# Encyclia mariae question



## orcoholic (Jul 11, 2013)

For years I've been growing mariae's and they've always bloomed with green petals.

I recently got a few more and the petals are a yellow/pea green color. They aren't fragrant so I doubt it's a citrina/mariae cross. In addition the bulbs on the new ones are very much rounder than the older variety, which are longer and oval.

Anyone aware of this variety?


----------



## Tom-DE (Jul 11, 2013)

Mine has very green flowers at first then the flowers change to yellowish green in a week or so.


----------



## orcoholic (Jul 12, 2013)

Tom-DE said:


> Mine has very green flowers at first then the flowers change to yellowish green in a week or so.

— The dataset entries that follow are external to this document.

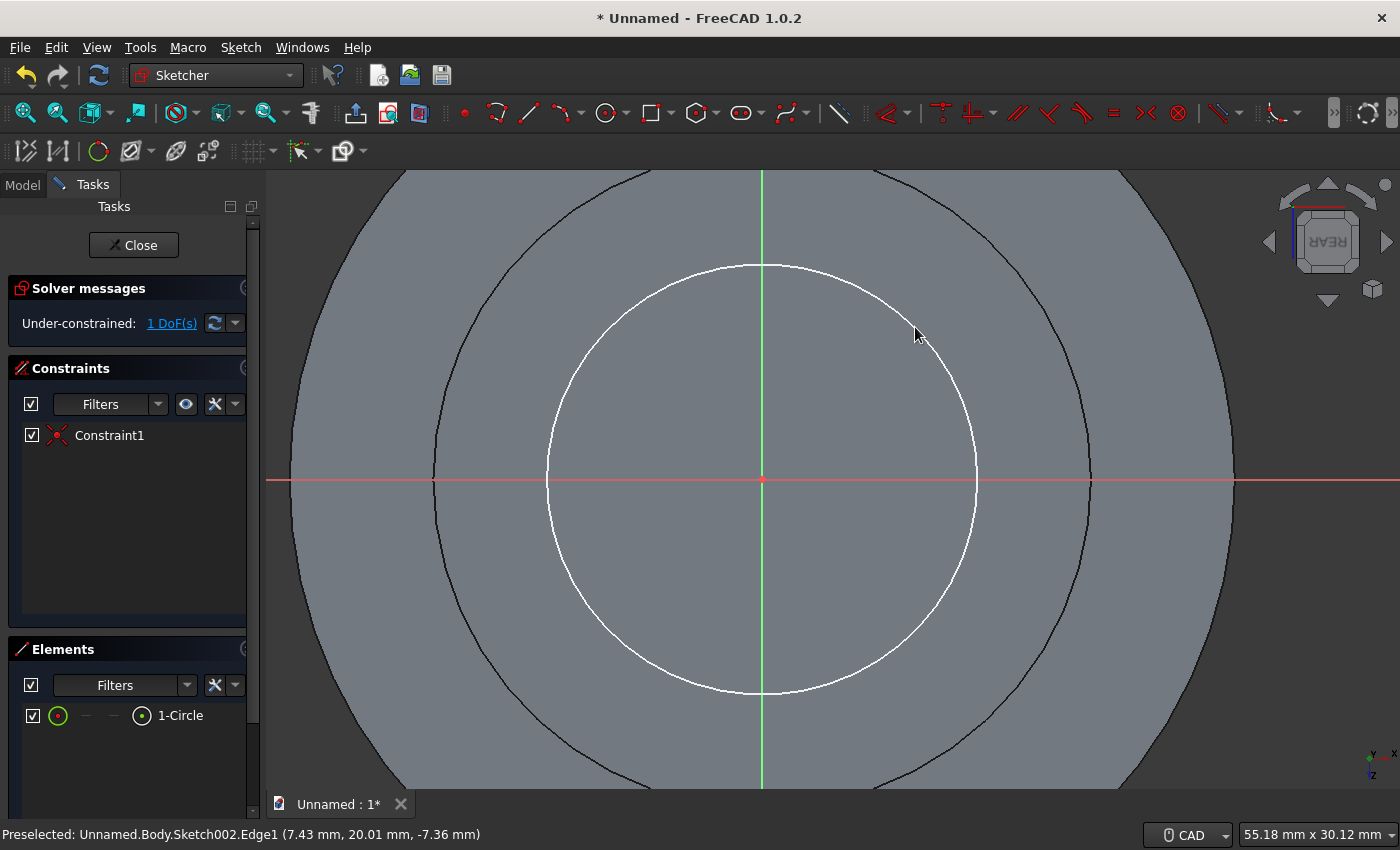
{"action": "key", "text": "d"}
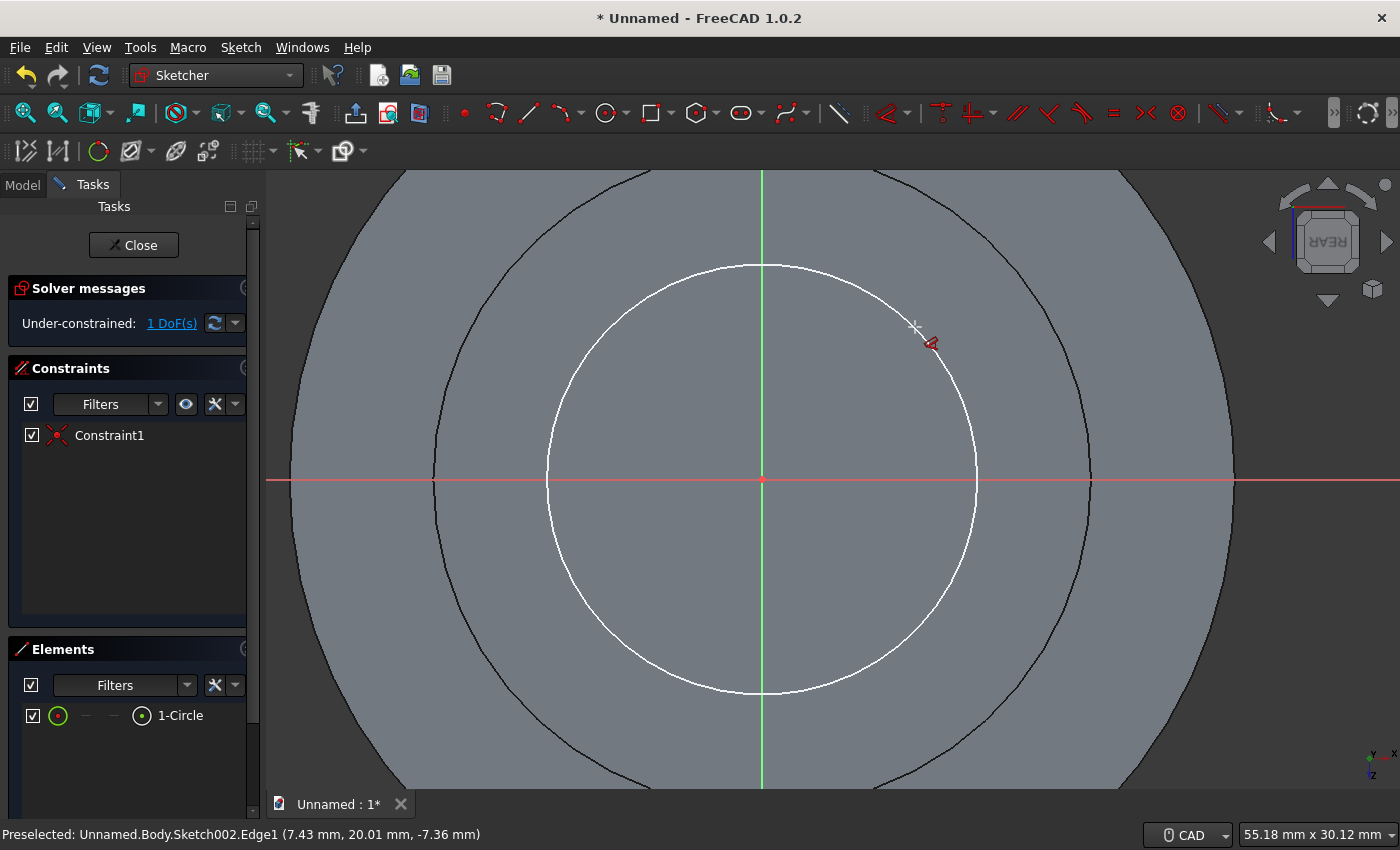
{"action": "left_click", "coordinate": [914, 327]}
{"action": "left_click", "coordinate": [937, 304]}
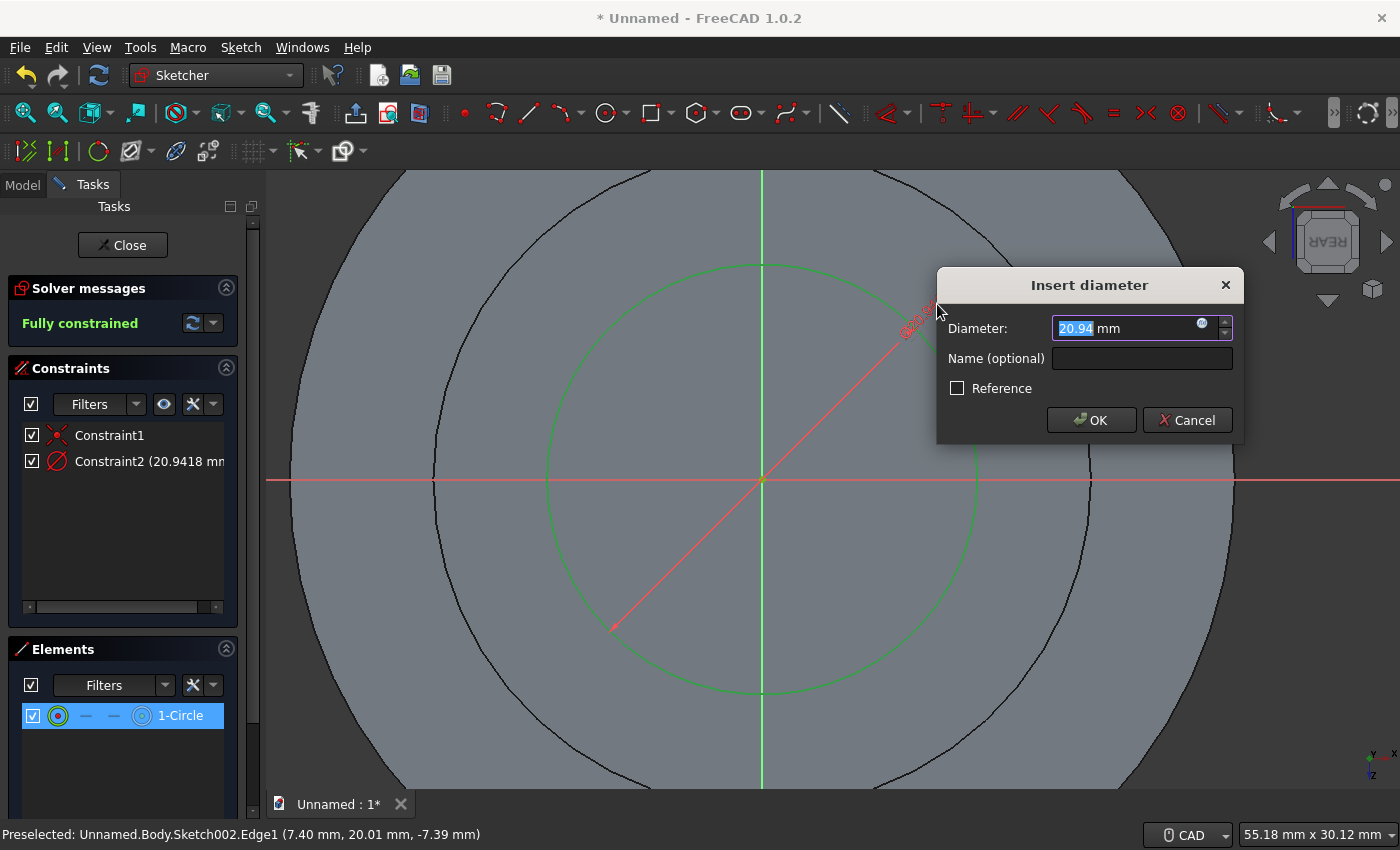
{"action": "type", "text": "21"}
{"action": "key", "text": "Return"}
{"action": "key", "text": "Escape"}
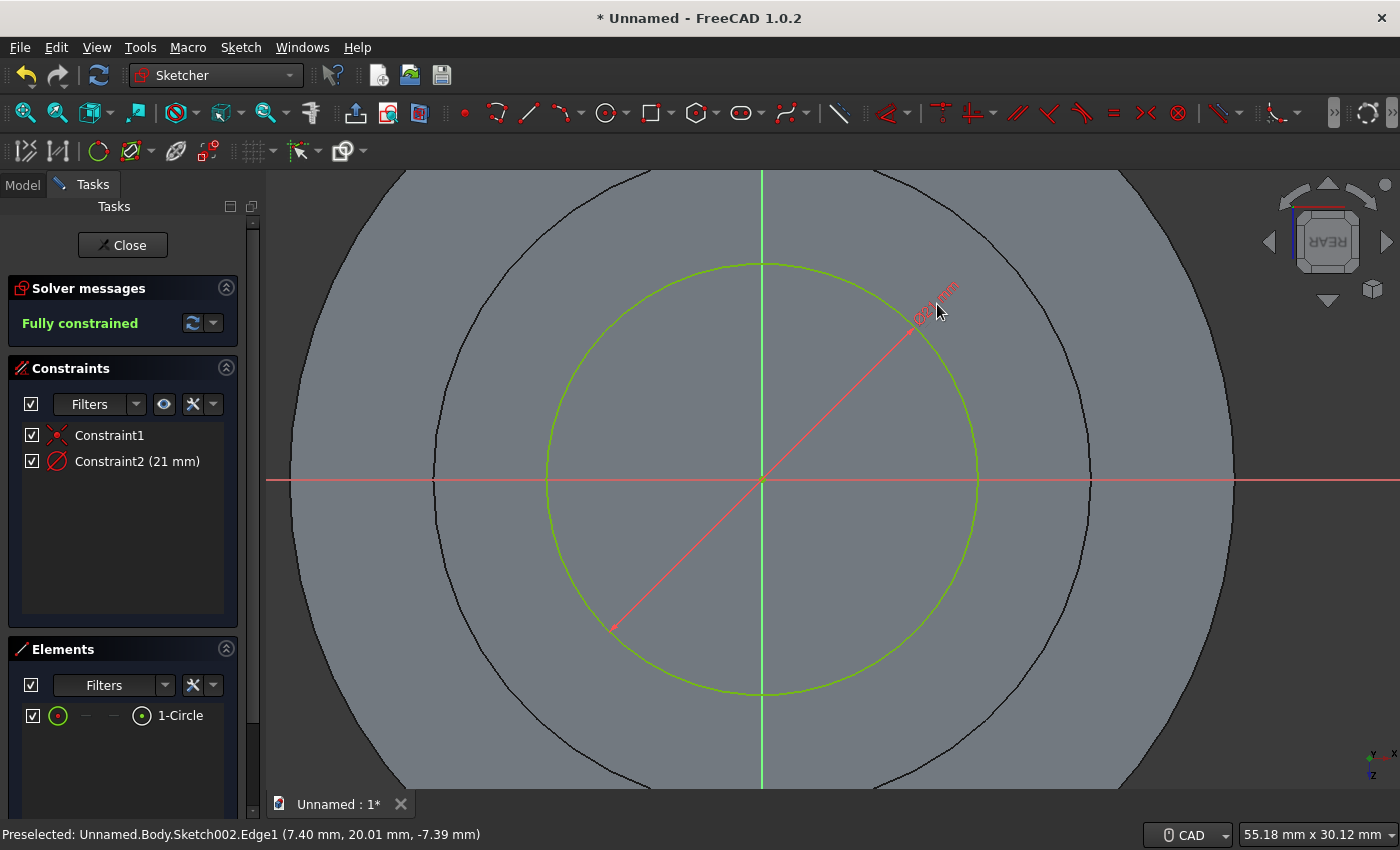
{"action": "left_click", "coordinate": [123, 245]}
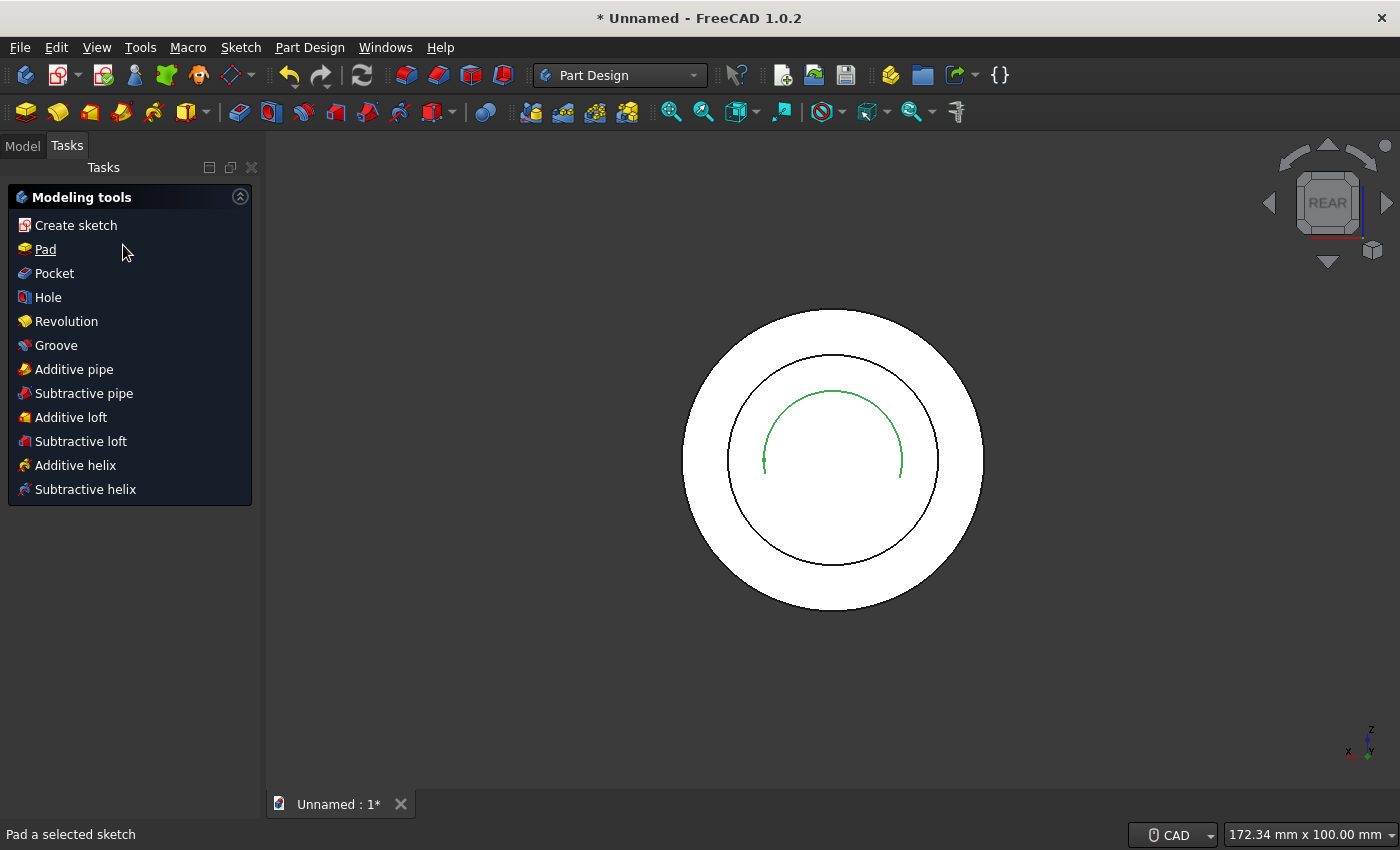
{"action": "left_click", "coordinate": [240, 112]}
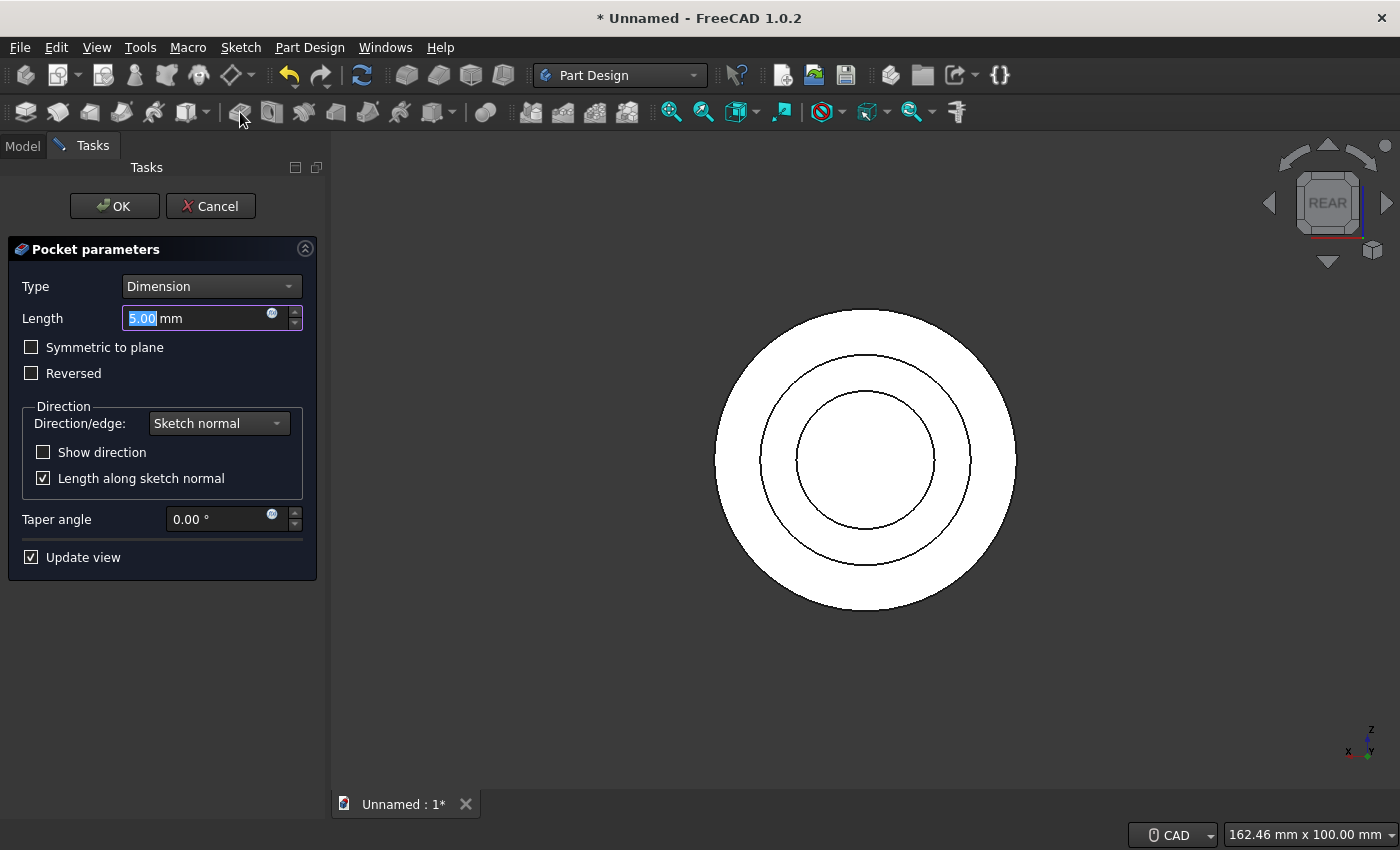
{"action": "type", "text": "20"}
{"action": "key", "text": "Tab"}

These are opening the color you described yours are after a week. I wonder if they were grown in too high temps. The globe shaped pseudobulbs are odd too.

BTW, I've seen your posts on other sites. Great grower. Are you going to be at Parkside's summerfest?


----------



## Tom-DE (Jul 13, 2013)

They host the summerfest again? I have not been to Parkside for over 10 years now. I don't think I can make it this time but I will plan on it next year.

@ this E. mariae, can you show us a photo? It would be so much easier with photos to tell you if it is pure species.


----------